FIG. 7 is a reproduction start instruction generated when the user presses the reproduction start switch (not shown) of the panel switch 2 when the mode 1) constant read rate in the normal reproduction mode is designated. It is a flowchart which shows the procedure of an event process, and is one process in the switch process of said step S6.

In the figure, first, the user specifies a desired phrase, that is, a loop portion (step S31).
And the division points of the designated phrase are fetched (step S32). Here, the acquisition of dividing points is
For example, in the designated loop portion, the address of the waveform data on the division point (address of the waveform memory 21) is set to the R
This means storing in the work area of AM7. As described above, in the present embodiment, the sound source circuit 17 takes in the division points so that the tone waveform is processed (reproduced) with the partial waveform divided at each division point as one unit. Because.

Then, the reproduction of the first partial waveform of the specified phrase is started (step S33). Specifically, the tone generator circuit 17 makes various settings so as to read and reproduce the first partial waveform.

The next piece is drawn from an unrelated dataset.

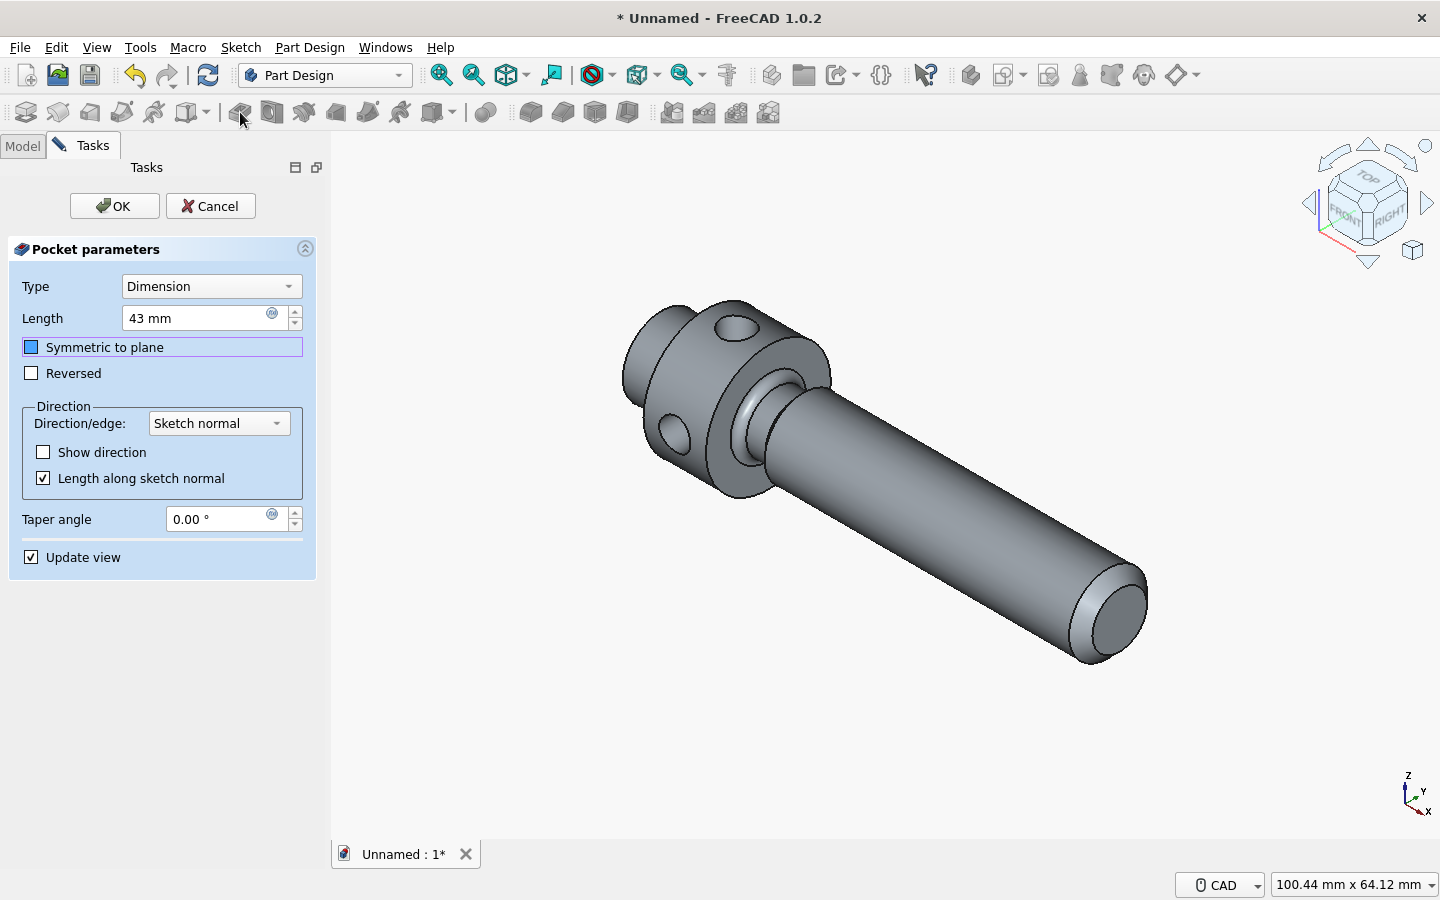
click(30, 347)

Then, in order to detect the beat timing, the soft counter CNT secured on the RAM 7 is reset ("0"), and at the same time, the interrupt timer for activating the timer interrupt processing described below, that is, the above-mentioned After the timer 8 is started (step S34), the main reproduction start instruction event process is ended.

FIG. 8 shows the procedure of the timer interrupt process which is activated each time the timer 8 started in step S34 measures a predetermined time (in this embodiment, a time set according to the tempo). It is a flowchart shown. In this timer interrupt processing, a phrase designated by the user, that is, a loop portion is loop-read to reproduce a musical tone waveform.

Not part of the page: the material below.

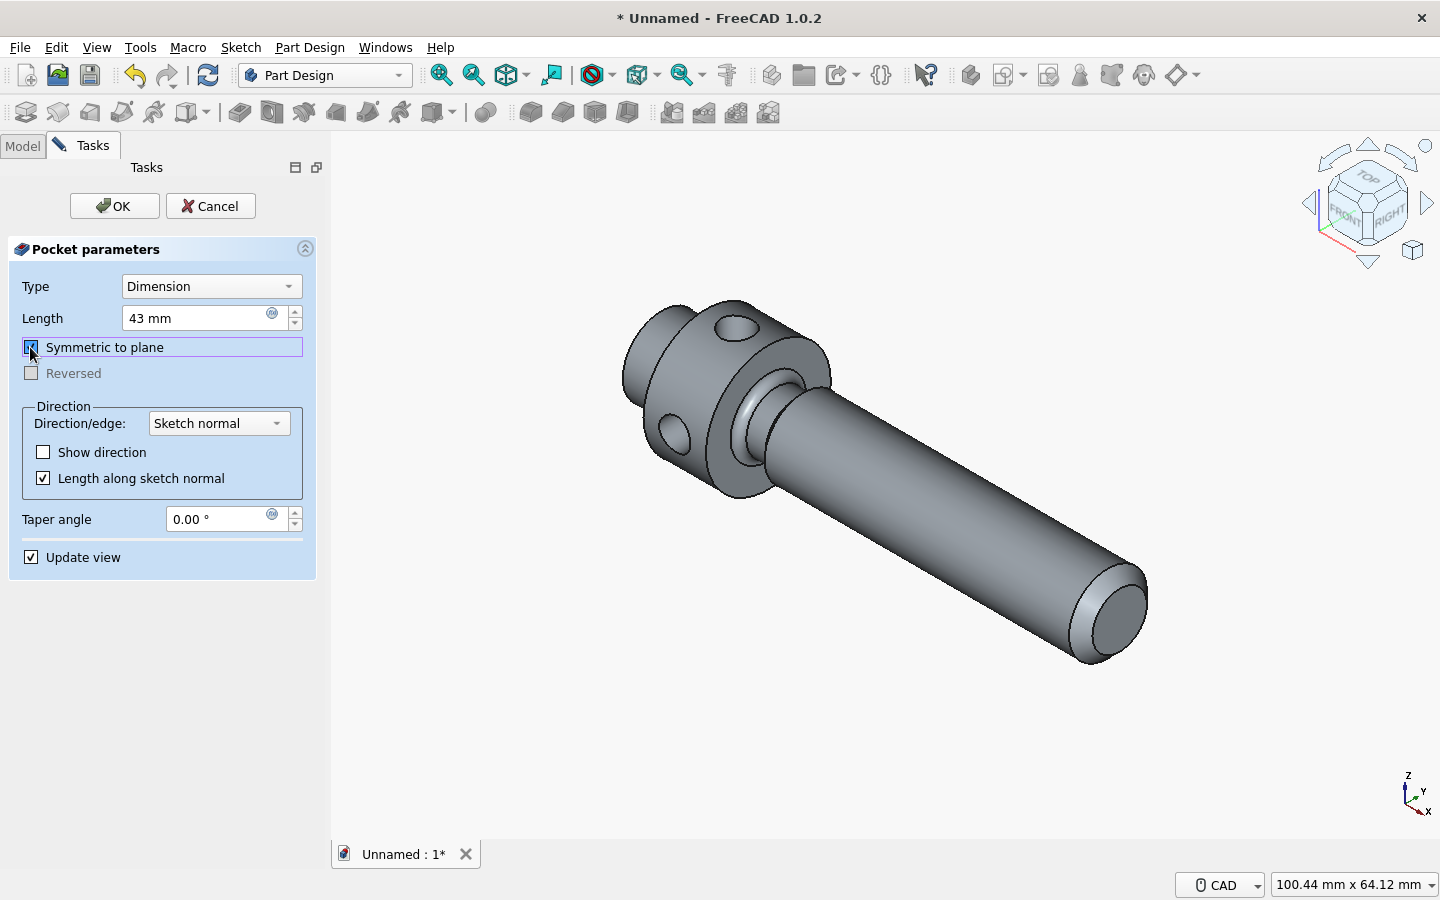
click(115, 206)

In the figure, first, the counter CNT is incremented by "1" (step S41).

Next, from the count value of the counter CNT, it is determined which timing the musical tone waveform is currently being reproduced (step S42), and it is determined whether the timing is the beat timing (step S43). .
Here, the reason why the beat timing can be determined by checking the value of the counter CNT is that this timer interrupt is generated in synchronization with the tempo and the counter CNT is being counted during the timer interrupt.

If the current reproduction timing is the beat timing in step S43, then the step S3
Similarly to 3, the reproduction of the next partial waveform is started (step S44), and it is determined whether or not the partial waveform is the last one of the designated phrases (step S45).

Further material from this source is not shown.